LastPass has confirmed that customer information and customer support case data were stolen during the recent compromise of competitive intelligence platform Klue, making the password manager provider the latest organization publicly impacted by the expanding supply chain incident linked to the Icarus extortion group.
According to LastPass, the attackers did not breach the company’s own infrastructure. Instead, they gained access to information stored within Klue after compromising the third-party platform. LastPass stated there is no evidence that customer password vaults, authentication systems, or internal production infrastructure were affected.
The disclosure follows BreachNews’ earlier reporting on the Klue Supply Chain Breach Leads to Salesforce Data Theft Across Multiple Organizations, which detailed how attackers allegedly harvested OAuth credentials from Klue’s integration infrastructure to access customer environments.
Customer support information exposed
According to LastPass, the compromised data may include customer names, email addresses, phone numbers, physical addresses, customer support case records, and sales-related information.

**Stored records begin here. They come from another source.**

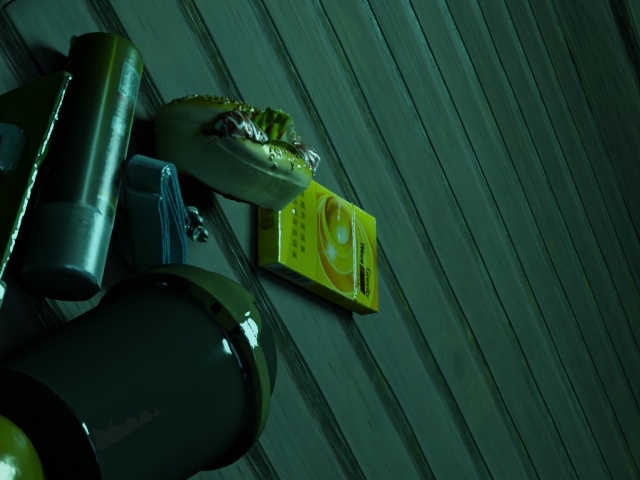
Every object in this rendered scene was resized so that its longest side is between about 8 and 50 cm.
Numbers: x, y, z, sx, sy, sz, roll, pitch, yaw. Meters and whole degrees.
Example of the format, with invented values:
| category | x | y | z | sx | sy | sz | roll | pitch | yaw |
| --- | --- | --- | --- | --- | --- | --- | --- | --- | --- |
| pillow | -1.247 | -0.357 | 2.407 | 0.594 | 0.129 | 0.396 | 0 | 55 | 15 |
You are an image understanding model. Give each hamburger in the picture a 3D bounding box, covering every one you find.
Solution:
| category | x | y | z | sx | sy | sz | roll | pitch | yaw |
| --- | --- | --- | --- | --- | --- | --- | --- | --- | --- |
| hamburger | -0.099 | -0.105 | 1.432 | 0.210 | 0.173 | 0.116 | 18 | 88 | -57 |

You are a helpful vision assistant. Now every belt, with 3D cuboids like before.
| category | x | y | z | sx | sy | sz | roll | pitch | yaw |
| --- | --- | --- | --- | --- | --- | --- | --- | --- | --- |
| belt | -0.170 | -0.030 | 1.315 | 0.179 | 0.065 | 0.100 | 91 | 20 | -49 |

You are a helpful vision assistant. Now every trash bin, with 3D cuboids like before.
| category | x | y | z | sx | sy | sz | roll | pitch | yaw |
| --- | --- | --- | --- | --- | --- | --- | --- | --- | --- |
| trash bin | -0.168 | 0.144 | 1.164 | 0.334 | 0.214 | 0.214 | -30 | 106 | -57 |

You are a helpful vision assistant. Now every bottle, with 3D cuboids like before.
| category | x | y | z | sx | sy | sz | roll | pitch | yaw |
| --- | --- | --- | --- | --- | --- | --- | --- | --- | --- |
| bottle | -0.242 | -0.078 | 1.247 | 0.082 | 0.082 | 0.286 | 42 | 44 | -48 |

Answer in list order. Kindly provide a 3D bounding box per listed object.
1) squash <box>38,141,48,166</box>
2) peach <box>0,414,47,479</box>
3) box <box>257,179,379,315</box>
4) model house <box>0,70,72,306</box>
| category | x | y | z | sx | sy | sz | roll | pitch | yaw |
| --- | --- | --- | --- | --- | --- | --- | --- | --- | --- |
| squash | -0.300 | -0.066 | 1.100 | 0.252 | 0.066 | 0.066 | -81 | 151 | -69 |
| peach | -0.285 | 0.249 | 0.927 | 0.251 | 0.153 | 0.251 | -6 | 90 | -85 |
| box | 0.000 | 0.000 | 1.697 | 0.269 | 0.043 | 0.152 | 31 | 54 | -53 |
| model house | -0.378 | -0.059 | 0.841 | 0.313 | 0.242 | 0.358 | 46 | 43 | -41 |
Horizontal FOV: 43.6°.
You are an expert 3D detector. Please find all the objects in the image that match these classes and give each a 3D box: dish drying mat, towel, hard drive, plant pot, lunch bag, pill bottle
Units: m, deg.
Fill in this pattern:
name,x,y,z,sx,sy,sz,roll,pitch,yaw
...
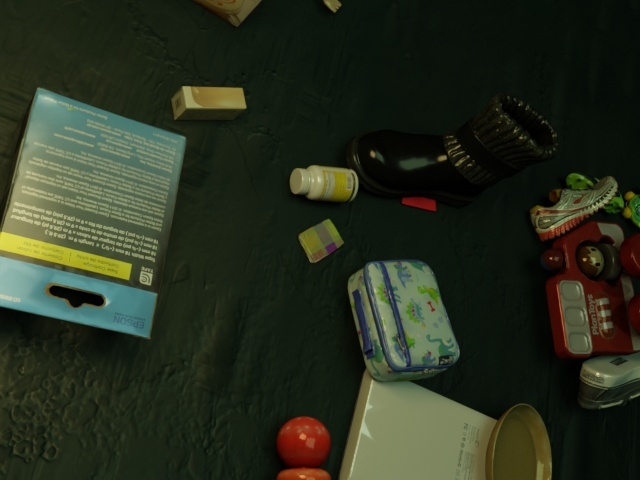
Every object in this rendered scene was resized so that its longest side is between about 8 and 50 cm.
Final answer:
name,x,y,z,sx,sy,sz,roll,pitch,yaw
dish drying mat,0.197,-0.080,1.616,0.083,0.008,0.032,11,68,-27
towel,0.000,0.000,1.472,0.083,0.009,0.060,-32,93,-35
hard drive,0.194,0.383,1.457,0.319,0.040,0.210,27,63,-22
plant pot,0.374,0.430,1.523,0.236,0.032,0.236,8,79,-48
lunch bag,0.146,0.144,1.450,0.176,0.090,0.218,4,62,-32
pill bottle,0.006,-0.105,1.472,0.116,0.065,0.065,3,74,-31

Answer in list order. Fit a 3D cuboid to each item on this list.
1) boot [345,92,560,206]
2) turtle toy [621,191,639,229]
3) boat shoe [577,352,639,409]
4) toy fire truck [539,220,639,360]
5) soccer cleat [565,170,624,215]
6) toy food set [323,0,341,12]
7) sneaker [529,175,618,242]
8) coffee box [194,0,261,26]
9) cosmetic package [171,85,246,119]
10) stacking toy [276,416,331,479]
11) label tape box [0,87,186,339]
name,x,y,z,sx,sy,sz,roll,pitch,yaw
boot,0.250,-0.182,1.522,0.348,0.260,0.131,6,67,-31
turtle toy,0.789,-0.085,1.940,0.095,0.066,0.130,34,61,-19
boat shoe,0.652,0.305,1.729,0.301,0.108,0.102,-4,110,-44
toy fire truck,0.588,0.103,1.707,0.254,0.169,0.302,4,73,-25
soccer cleat,0.637,-0.122,1.871,0.179,0.060,0.072,27,47,-24
toy food set,0.032,-0.555,1.644,0.132,0.038,0.192,41,64,-7
sneaker,0.561,-0.087,1.768,0.225,0.088,0.092,-30,85,-17
coffee box,-0.211,-0.504,1.413,0.247,0.141,0.098,28,64,-23
cosmetic package,-0.194,-0.238,1.394,0.115,0.060,0.041,-5,79,-34
stacking toy,-0.024,0.446,1.267,0.141,0.141,0.330,13,63,-28
label tape box,-0.354,-0.030,1.207,0.241,0.106,0.333,17,68,-27
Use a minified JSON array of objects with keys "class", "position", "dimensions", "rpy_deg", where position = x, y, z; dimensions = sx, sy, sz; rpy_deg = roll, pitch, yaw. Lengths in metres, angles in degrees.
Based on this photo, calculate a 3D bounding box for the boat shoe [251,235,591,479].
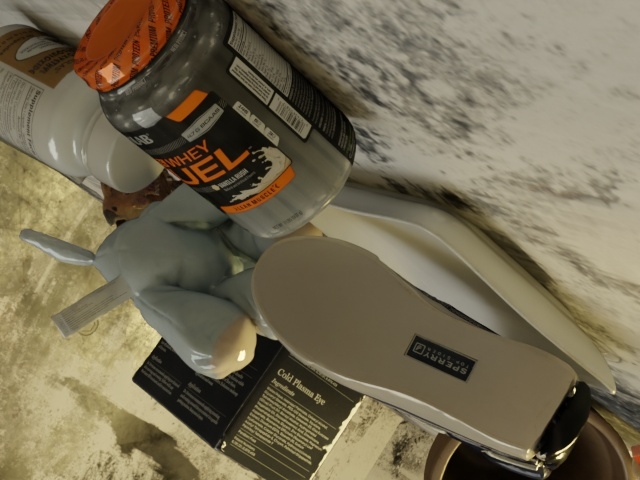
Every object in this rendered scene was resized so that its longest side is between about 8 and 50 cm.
[{"class":"boat shoe","position":[0.091,0.120,0.980],"dimensions":[0.340,0.127,0.158],"rpy_deg":[29,165,26]}]

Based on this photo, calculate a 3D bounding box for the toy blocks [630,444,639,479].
[{"class":"toy blocks","position":[0.407,0.265,1.176],"dimensions":[0.123,0.054,0.148],"rpy_deg":[25,168,41]}]

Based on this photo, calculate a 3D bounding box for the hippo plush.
[{"class":"hippo plush","position":[-0.126,0.062,1.153],"dimensions":[0.234,0.294,0.236],"rpy_deg":[63,176,20]}]

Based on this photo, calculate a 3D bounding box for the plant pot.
[{"class":"plant pot","position":[0.255,0.291,1.363],"dimensions":[0.263,0.263,0.229],"rpy_deg":[35,-171,-9]}]

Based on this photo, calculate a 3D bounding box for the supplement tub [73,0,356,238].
[{"class":"supplement tub","position":[-0.073,-0.095,0.733],"dimensions":[0.190,0.117,0.117],"rpy_deg":[39,170,-34]}]

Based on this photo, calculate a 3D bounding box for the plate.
[{"class":"plate","position":[0.113,0.026,0.962],"dimensions":[0.277,0.045,0.278],"rpy_deg":[38,170,-30]}]

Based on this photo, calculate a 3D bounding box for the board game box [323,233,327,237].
[{"class":"board game box","position":[0.000,0.000,1.258],"dimensions":[0.201,0.035,0.136],"rpy_deg":[23,167,49]}]

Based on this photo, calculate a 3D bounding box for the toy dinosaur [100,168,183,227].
[{"class":"toy dinosaur","position":[-0.267,-0.087,1.501],"dimensions":[0.200,0.127,0.296],"rpy_deg":[50,175,-38]}]

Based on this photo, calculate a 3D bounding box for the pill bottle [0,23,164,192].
[{"class":"pill bottle","position":[-0.280,-0.145,1.155],"dimensions":[0.229,0.131,0.131],"rpy_deg":[28,170,26]}]

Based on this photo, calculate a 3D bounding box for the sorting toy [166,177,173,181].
[{"class":"sorting toy","position":[-0.333,-0.130,1.766],"dimensions":[0.208,0.038,0.193],"rpy_deg":[28,171,4]}]

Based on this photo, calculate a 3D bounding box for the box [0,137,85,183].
[{"class":"box","position":[-0.420,-0.184,1.525],"dimensions":[0.275,0.113,0.094],"rpy_deg":[23,165,43]}]

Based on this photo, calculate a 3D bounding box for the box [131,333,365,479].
[{"class":"box","position":[-0.084,0.174,1.600],"dimensions":[0.179,0.312,0.343],"rpy_deg":[38,171,-30]}]
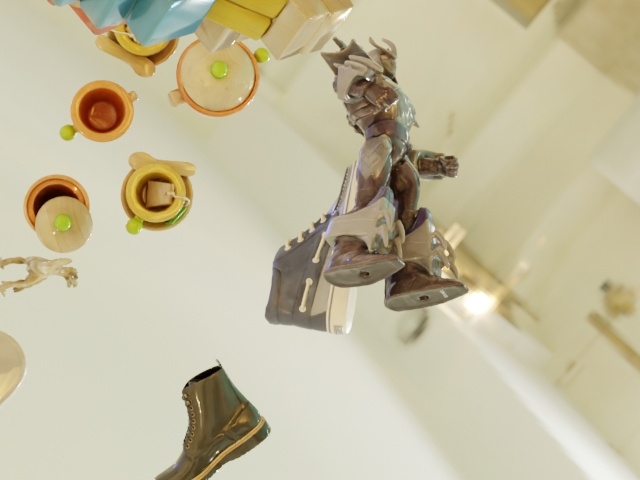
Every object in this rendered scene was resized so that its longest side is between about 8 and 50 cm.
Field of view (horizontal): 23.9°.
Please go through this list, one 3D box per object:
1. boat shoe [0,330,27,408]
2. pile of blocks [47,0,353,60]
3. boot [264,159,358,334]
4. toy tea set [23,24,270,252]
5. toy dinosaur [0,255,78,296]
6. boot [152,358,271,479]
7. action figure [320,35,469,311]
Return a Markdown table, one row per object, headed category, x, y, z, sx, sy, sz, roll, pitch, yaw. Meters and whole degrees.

The company emphasized that the incident did not impact customers’ encrypted password vaults, which remain stored separately from the affected third-party environment.
While LastPass has not disclosed how many individuals were affected, customer support cases can sometimes contain sensitive information voluntarily submitted by users while seeking technical assistance, such as account recovery details, billing information, or diagnostic data.
Another confirmed victim of the Klue campaign
The disclosure adds LastPass to a growing list of organizations that have publicly acknowledged impact from the Klue compromise.
As BreachNews previously reported in Icarus Lists Huntress and Additional Organizations in Expanding Klue Breach Extortion Campaign, the Icarus leak site has already listed Huntress alongside several additional organizations while claiming to possess Salesforce data allegedly obtained through the attack.
Other organizations that have publicly acknowledged impacts related to the Klue incident include Huntress, Recorded Future, Tanium, Jamf, and HackerOne, although the scope of data exposure varies between organizations.
Investigators believe attackers gained access to Klue’s backend systems before modifying infrastructure to collect OAuth credentials used by customers to connect services including Salesforce and other third-party platforms. Those credentials were allegedly used to access downstream customer environments and exfiltrate data.
Incident remains under investigation
Klue disclosed that it detected suspicious activity on June 12 and subsequently revoked customer OAuth credentials while disabling multiple integrations during its investigation.
The Icarus extortion group has claimed responsibility for the compromise and continues to pressure affected organizations through leak site postings and extortion demands. Several organizations have since confirmed unauthorized access to data connected to their Klue integrations, while additional alleged victims continue to appear on the group’s leak site.
LastPass said it is continuing to investigate the incident alongside Klue. At the time of publication, the company had not disclosed the total number of affected customers.